Your task is to copy every line of the records below that contains "which".

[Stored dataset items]
------

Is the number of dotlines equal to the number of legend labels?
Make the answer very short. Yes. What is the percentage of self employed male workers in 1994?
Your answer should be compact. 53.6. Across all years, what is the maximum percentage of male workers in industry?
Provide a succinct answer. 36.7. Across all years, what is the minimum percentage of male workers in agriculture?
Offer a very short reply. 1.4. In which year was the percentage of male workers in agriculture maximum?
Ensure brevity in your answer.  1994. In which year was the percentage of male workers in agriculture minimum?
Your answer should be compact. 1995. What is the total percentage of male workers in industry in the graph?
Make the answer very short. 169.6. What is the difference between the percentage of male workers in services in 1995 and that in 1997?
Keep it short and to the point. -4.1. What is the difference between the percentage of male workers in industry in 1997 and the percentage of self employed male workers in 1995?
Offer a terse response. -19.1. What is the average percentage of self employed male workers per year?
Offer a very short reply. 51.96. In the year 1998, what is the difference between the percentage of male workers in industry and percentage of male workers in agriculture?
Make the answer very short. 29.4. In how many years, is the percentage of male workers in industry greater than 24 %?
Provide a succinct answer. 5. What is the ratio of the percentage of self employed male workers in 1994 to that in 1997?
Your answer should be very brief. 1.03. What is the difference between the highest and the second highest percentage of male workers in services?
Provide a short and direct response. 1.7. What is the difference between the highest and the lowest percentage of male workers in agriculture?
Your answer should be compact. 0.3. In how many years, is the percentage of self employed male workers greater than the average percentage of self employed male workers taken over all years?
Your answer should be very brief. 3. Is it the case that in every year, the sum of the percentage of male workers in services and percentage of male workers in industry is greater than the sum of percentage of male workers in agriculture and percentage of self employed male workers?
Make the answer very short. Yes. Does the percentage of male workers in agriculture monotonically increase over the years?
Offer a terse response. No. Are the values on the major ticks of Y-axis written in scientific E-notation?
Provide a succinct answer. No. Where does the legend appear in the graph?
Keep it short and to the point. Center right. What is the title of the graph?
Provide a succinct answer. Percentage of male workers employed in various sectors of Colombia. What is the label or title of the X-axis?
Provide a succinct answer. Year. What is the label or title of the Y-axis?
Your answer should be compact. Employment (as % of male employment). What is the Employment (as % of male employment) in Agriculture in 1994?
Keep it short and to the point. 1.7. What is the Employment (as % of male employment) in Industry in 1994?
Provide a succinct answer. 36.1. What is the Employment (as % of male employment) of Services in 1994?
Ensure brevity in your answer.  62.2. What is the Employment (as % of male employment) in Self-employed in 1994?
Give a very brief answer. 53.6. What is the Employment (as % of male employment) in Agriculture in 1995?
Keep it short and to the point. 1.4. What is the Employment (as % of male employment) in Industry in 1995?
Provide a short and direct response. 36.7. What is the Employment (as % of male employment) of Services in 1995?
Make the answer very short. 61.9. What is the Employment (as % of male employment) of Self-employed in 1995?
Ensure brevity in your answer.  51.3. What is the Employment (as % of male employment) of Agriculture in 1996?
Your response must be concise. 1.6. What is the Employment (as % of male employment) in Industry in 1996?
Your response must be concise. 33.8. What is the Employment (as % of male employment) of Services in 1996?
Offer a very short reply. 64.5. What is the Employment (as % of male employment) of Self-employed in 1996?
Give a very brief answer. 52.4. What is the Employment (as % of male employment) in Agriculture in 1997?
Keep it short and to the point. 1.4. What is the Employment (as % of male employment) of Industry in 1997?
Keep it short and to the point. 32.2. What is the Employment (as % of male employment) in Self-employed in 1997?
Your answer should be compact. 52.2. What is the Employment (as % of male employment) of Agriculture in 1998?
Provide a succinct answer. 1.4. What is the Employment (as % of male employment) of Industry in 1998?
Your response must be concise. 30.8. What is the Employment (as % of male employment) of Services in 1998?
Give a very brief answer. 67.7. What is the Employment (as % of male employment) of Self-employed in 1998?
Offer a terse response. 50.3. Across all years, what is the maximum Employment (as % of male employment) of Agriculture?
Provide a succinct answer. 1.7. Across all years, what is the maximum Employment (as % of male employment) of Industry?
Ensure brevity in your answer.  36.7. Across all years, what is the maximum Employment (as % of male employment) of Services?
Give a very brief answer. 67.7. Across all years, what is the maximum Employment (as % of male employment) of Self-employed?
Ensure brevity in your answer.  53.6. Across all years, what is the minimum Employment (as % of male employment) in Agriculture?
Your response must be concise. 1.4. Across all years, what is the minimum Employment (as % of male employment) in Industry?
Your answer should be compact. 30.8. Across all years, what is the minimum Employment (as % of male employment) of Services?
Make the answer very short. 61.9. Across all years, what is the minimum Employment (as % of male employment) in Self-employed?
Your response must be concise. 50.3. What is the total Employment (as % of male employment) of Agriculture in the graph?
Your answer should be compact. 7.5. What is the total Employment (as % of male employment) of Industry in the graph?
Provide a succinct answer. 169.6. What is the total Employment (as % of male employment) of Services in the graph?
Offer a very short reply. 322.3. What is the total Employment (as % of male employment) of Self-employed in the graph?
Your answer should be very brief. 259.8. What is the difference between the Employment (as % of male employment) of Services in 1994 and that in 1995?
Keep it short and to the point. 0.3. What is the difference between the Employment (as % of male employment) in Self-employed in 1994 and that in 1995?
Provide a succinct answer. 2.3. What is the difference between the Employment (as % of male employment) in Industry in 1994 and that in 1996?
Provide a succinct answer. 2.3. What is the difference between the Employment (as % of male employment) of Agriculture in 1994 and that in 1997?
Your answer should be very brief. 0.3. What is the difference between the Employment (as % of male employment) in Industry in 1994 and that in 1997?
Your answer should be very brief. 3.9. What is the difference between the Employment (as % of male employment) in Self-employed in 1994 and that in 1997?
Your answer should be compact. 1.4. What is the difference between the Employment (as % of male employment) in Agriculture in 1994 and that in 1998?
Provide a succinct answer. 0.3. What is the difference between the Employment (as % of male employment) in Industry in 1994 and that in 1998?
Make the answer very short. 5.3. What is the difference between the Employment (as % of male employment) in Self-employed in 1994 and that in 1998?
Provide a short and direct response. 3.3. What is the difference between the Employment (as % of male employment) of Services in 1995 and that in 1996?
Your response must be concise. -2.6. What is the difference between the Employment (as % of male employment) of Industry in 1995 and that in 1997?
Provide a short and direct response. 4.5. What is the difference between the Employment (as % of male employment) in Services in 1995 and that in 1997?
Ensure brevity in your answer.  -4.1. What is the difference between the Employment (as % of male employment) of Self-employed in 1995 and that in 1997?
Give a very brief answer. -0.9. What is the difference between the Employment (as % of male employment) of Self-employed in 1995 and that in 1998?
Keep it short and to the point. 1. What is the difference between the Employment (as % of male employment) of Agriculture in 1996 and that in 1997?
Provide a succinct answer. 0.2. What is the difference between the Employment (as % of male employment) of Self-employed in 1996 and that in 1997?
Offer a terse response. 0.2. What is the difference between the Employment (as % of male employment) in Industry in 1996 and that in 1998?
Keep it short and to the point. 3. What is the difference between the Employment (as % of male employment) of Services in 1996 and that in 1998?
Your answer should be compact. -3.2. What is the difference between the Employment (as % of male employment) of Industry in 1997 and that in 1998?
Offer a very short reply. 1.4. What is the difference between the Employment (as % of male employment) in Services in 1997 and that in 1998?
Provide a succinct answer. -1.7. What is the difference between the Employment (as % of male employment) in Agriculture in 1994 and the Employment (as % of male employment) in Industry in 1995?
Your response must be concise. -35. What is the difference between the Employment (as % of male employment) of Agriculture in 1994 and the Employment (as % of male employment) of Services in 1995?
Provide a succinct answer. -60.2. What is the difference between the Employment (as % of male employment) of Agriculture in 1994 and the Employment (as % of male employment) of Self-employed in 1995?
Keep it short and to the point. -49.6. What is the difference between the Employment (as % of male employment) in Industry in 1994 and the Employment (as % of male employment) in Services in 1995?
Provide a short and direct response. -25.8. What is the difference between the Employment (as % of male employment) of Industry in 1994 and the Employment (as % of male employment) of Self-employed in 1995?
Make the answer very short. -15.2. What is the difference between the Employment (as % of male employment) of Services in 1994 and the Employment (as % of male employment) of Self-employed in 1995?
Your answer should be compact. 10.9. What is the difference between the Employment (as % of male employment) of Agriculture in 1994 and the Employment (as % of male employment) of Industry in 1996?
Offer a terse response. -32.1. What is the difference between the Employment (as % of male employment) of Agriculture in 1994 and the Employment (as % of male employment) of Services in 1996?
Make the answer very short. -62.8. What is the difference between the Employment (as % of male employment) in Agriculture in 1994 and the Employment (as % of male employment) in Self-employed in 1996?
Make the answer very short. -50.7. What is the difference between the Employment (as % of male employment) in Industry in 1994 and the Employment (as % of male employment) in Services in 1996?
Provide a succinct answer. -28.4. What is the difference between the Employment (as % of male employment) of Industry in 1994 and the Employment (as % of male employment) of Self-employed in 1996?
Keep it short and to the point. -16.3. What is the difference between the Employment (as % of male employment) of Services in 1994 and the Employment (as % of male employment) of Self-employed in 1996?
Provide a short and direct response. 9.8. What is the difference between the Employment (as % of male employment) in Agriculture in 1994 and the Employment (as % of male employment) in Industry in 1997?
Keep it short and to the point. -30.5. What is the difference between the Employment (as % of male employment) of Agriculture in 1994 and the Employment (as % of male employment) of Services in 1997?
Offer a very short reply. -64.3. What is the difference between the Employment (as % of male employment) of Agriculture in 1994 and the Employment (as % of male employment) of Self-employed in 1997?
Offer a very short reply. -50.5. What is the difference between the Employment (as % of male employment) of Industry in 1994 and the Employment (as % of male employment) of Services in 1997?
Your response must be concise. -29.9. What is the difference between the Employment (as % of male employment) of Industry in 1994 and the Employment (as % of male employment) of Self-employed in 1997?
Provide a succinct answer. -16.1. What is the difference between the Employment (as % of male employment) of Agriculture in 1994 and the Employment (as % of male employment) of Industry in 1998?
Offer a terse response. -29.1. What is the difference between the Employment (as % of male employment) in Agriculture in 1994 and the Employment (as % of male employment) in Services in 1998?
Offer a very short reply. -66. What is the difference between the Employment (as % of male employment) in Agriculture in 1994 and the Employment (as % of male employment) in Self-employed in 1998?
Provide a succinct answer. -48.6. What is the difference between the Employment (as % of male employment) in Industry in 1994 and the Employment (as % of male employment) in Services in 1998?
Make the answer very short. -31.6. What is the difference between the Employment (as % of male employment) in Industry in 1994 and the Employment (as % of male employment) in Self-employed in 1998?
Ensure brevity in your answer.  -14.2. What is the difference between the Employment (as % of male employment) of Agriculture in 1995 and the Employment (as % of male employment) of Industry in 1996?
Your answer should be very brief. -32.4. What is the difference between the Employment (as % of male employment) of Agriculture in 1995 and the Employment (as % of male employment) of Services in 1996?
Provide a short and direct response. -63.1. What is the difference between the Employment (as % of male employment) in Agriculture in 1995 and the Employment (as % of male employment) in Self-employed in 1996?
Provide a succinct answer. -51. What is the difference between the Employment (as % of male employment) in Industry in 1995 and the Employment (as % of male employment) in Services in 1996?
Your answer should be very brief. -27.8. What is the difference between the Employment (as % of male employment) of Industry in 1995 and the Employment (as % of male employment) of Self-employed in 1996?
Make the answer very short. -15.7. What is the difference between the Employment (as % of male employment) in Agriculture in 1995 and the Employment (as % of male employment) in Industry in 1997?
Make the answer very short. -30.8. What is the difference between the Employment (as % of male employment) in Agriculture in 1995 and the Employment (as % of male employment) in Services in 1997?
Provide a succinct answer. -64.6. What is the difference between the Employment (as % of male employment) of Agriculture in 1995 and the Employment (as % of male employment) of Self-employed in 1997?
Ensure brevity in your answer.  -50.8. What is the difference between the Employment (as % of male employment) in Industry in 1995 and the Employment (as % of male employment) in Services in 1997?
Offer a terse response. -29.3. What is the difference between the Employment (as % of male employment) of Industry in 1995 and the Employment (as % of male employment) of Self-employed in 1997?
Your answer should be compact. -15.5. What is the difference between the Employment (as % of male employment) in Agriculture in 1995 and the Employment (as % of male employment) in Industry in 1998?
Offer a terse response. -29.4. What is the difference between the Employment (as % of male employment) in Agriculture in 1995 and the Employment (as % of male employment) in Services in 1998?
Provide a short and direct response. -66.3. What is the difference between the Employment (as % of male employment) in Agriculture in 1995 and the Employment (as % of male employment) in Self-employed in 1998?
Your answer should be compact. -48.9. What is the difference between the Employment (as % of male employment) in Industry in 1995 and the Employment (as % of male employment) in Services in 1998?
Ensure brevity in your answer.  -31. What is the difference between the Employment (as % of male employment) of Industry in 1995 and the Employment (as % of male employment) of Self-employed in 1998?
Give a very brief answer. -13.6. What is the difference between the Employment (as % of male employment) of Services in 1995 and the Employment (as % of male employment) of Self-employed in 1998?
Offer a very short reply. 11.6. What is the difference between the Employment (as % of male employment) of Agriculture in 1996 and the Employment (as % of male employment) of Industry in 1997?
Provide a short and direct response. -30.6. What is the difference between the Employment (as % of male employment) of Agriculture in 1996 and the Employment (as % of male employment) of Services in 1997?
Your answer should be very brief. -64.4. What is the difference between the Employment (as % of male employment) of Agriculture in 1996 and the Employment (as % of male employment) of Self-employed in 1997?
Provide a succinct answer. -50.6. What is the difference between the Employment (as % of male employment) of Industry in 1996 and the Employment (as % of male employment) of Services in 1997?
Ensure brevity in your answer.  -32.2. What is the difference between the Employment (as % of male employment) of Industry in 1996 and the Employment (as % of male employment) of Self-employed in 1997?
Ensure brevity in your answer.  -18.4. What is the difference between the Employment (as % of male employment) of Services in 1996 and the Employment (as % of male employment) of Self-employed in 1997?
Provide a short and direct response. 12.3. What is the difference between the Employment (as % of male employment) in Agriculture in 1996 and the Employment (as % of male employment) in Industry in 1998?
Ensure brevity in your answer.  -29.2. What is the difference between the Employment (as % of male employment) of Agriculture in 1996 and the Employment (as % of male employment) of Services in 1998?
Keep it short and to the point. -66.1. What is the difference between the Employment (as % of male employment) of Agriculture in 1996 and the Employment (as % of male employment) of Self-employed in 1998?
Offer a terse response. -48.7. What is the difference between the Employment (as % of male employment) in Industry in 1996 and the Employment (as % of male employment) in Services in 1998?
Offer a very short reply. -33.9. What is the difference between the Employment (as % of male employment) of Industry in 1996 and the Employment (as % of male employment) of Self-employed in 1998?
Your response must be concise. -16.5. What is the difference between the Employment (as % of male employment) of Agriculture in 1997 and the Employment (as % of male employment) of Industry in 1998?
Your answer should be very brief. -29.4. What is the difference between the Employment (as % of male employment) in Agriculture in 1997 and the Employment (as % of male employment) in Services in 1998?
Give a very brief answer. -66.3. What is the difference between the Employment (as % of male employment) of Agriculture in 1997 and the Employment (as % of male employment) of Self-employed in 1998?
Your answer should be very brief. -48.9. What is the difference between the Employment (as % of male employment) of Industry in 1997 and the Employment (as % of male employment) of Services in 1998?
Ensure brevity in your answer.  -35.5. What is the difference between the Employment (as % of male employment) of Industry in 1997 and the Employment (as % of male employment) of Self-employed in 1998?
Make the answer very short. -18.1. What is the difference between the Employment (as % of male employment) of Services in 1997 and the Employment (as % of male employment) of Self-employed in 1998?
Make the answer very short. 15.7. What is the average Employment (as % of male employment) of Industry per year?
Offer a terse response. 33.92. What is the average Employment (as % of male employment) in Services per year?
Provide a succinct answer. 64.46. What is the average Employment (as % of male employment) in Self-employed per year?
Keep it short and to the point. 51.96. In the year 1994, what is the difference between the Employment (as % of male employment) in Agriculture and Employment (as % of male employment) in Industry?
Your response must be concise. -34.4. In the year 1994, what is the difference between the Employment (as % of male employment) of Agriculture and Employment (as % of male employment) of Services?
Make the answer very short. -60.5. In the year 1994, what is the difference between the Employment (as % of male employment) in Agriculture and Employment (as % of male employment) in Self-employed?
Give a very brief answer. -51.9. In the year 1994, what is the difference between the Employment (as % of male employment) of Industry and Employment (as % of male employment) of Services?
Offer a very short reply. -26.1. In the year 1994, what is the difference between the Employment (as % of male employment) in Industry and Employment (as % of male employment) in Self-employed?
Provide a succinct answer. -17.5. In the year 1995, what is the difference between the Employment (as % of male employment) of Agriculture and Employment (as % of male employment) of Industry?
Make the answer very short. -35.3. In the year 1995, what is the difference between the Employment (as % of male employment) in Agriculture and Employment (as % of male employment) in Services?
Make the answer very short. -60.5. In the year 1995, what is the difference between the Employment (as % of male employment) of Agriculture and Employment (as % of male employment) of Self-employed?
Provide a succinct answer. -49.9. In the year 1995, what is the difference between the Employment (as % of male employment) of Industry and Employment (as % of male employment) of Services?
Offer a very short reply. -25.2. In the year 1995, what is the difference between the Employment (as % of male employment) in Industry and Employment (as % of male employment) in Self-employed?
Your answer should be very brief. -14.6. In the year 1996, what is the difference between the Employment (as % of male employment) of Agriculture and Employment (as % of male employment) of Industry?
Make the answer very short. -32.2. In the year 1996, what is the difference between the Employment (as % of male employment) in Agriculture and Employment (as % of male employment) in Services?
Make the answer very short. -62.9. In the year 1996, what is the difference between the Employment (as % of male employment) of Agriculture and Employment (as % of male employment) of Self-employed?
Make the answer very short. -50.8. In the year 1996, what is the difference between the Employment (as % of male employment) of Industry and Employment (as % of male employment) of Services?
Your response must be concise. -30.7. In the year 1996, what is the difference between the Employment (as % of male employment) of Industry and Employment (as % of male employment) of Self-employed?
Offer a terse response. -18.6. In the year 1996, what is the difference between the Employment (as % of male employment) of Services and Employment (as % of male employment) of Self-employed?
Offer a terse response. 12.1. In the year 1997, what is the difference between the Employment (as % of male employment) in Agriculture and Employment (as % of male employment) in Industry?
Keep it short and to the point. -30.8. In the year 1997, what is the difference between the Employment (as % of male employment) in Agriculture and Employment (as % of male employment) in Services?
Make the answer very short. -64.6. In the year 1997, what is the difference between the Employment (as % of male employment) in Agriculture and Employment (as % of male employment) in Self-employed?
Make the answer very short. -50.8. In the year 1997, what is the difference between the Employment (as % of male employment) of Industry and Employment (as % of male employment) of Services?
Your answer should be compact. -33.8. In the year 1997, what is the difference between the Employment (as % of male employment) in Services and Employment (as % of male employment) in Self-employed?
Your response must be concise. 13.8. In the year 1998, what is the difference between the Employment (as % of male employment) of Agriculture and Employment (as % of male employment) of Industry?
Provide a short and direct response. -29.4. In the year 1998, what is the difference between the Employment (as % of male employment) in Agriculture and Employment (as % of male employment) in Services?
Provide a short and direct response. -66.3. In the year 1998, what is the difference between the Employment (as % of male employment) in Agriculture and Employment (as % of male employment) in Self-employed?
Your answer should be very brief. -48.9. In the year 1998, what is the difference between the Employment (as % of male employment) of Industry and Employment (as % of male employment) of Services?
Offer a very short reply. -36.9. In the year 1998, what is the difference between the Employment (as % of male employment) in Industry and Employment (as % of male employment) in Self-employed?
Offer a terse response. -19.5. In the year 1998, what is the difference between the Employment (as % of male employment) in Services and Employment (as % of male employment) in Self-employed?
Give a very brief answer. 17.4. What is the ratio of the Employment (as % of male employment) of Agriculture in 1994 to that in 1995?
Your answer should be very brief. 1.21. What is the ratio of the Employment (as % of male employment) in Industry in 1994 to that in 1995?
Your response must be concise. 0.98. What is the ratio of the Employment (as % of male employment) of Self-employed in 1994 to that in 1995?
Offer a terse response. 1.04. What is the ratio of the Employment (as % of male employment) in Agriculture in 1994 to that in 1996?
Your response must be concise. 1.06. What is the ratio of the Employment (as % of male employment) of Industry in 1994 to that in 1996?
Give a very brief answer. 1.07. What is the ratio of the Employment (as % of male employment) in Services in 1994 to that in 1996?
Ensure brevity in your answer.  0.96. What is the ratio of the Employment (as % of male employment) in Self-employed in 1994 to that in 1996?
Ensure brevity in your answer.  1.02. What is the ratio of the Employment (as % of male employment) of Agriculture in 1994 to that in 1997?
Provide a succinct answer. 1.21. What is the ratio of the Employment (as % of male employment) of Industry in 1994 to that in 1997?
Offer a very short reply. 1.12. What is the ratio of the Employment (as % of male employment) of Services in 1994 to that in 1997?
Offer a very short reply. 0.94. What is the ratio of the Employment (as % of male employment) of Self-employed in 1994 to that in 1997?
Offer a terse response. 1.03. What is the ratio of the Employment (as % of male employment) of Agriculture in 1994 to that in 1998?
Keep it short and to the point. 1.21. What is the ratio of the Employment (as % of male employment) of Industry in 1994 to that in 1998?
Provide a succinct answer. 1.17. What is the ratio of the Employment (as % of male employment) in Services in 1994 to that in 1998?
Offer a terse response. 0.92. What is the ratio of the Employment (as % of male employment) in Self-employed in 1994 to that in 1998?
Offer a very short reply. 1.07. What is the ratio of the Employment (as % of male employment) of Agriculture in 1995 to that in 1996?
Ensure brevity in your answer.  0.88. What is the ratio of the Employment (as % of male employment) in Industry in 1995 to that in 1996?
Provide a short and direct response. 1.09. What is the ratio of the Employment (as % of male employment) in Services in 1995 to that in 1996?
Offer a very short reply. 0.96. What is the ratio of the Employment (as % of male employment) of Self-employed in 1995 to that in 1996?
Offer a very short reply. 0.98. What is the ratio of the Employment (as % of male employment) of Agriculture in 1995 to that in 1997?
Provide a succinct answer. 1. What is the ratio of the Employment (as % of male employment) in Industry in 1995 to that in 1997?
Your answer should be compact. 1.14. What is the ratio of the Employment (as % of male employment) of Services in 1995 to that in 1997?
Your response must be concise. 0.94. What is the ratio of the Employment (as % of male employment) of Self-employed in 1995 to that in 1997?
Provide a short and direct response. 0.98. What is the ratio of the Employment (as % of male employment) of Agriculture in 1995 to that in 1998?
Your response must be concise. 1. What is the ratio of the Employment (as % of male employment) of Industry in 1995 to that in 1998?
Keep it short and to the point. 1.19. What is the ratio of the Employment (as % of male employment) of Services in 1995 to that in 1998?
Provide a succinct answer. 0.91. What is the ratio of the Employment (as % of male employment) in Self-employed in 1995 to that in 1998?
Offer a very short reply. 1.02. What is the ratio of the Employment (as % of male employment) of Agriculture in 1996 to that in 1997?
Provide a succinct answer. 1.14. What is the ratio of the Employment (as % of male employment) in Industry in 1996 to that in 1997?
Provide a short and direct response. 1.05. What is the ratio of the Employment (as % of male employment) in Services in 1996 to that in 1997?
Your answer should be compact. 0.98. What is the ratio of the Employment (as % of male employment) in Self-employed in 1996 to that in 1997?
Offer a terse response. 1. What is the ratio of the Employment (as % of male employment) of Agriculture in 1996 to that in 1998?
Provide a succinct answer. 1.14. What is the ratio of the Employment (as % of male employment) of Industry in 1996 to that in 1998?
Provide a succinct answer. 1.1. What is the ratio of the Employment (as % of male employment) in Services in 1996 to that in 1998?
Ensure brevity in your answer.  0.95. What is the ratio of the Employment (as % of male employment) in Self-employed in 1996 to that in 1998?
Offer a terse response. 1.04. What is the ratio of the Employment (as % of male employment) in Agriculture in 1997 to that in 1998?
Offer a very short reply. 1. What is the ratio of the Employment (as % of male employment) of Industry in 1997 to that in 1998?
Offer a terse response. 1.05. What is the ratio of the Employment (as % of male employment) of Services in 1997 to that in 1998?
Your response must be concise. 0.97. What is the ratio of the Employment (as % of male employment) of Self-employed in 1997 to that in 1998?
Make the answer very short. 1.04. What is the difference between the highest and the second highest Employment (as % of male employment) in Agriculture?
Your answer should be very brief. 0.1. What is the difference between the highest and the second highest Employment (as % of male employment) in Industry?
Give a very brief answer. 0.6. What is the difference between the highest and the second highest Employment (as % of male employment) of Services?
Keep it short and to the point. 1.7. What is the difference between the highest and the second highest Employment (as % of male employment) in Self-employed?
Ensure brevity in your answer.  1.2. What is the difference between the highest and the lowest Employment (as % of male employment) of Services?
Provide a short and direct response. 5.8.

------

**Your solution:**
Offer a very short reply. 1.4. In which year was the percentage of male workers in agriculture maximum?
Ensure brevity in your answer.  1994. In which year was the percentage of male workers in agriculture minimum?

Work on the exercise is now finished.